The Sins You Never Had The Courage To Commit

by tbhyourelame



Category: Harry Potter - J. K. Rowling
Genre: Fluff and Angst, Literature, M/M, Oscar Wilde - Freeform, Past Sirius Black/Remus Lupin, Summer Vacation, Teddy is a Sweetheart, harry is a dad, mentioned Remus Lupin & Nymphadora Tonks, mentions of Wizarding War, prepare for sadness, the picture of dorian gray - Freeform, wolfstar
Language: English
Status: Completed
Published: 2019-04-16
Updated: 2019-04-16
Packaged: 2020-01-14 19:54:48
Rating: Teen And Up Audiences
Warnings: No Archive Warnings Apply
Chapters: 1
Words: 3,205
Publisher: archiveofourown.org
Story URL: https://archiveofourown.org/works/18483259
Author URL: https://archiveofourown.org/users/tbhyourelame/pseuds/tbhyourelame
Summary: During a warm summer of Teddy Lupin's late teenage years, he stumbles upon an enchanted book that once belonged to his deceased father. Urged by his godfather Harry to read the story, Teddy finds himself wrapped in a world of secrets and sins he never knew existed."How’s it coming along?” Harry’s voice startled him, and Teddy's turned to see him leaning against the screen door. Harry’s eyes were focused on the far horizon, the swaying willow trees and wildflower fields.“There’s someone else’s writing in here,” Teddy said carefully, “besides my father’s.”





	The Sins You Never Had The Courage To Commit

**Author's Note:**

> Here's a quick link to a summary of The Picture of Dorian Gray, if needed!
> 
> https://www.britannica.com/topic/The-Picture-of-Dorian-Gray-novel-by-Wilde
> 
> The magical properties of the book are as follows:  
> 1\. Whatever is physically altered in one book is altered in the other.  
> 2\. All books are charmed to resist grease, water, and blood stains.  
> 3\. One must say " _in libris libertas_ " to effectively write in a book.  
> 4\. All writing disappears if tapped with a wand three times.

On a quiet, warm night of June, underneath a faded purple sky, a young boy’s fingertips gently brushed over the spines of dusty books, whose titles had long been washed away by time.
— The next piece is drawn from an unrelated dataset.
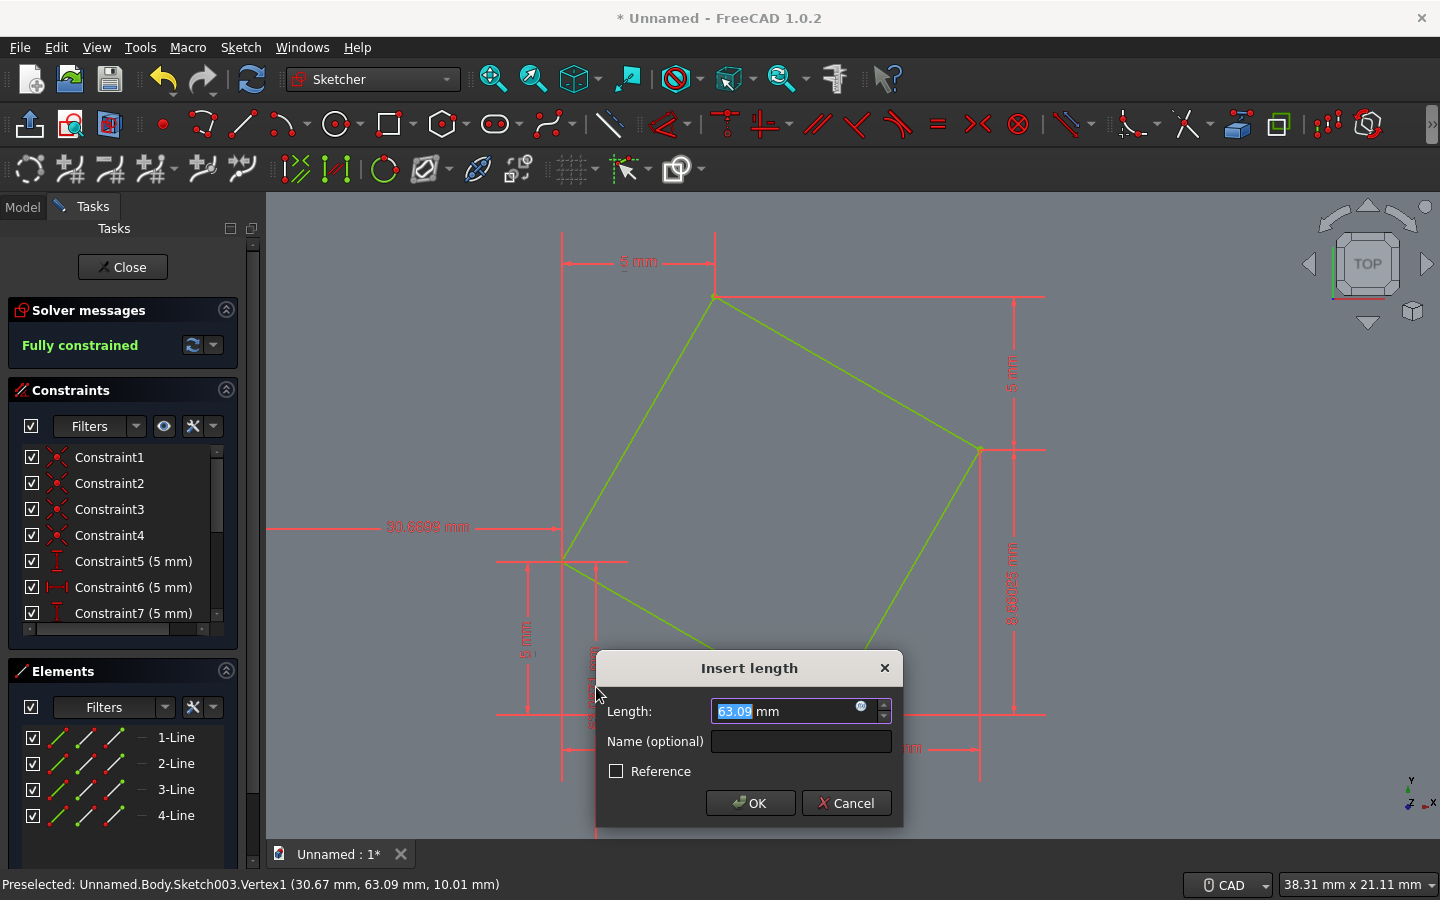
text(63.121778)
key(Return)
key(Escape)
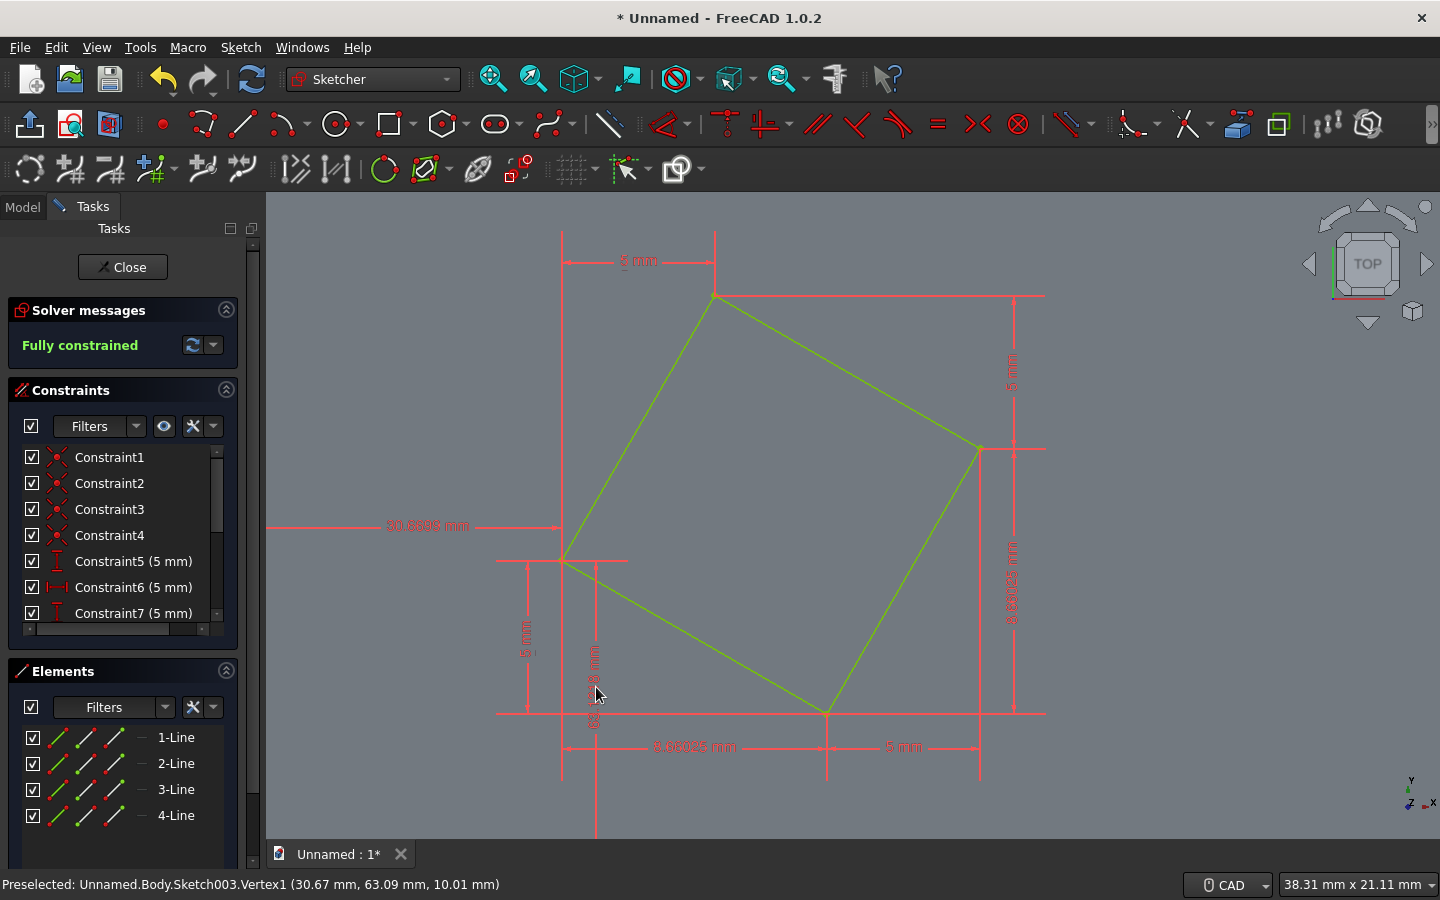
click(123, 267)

One book in particular was more worn down than the others, it’s cover creased and flimsy, looking quite shabby next to the other novels on the cedar shelves. The boy’s hand stopped when he reached the book, pulling it away from the shelf with extreme care, thumb brushing the dust away from the now tainted title. In delicate writing, the words _picture_ and _Dorian Gray_ were faintly inscribed on the leather cover. Outside, fireflies gleamed in the humid air, drifting underneath the stars without a worry. The world was at peace, and as the boy lowered himself onto the floor by the fireplace, he stared at the book with a nostalgic feeling joining in with the chorus of his heartbeat.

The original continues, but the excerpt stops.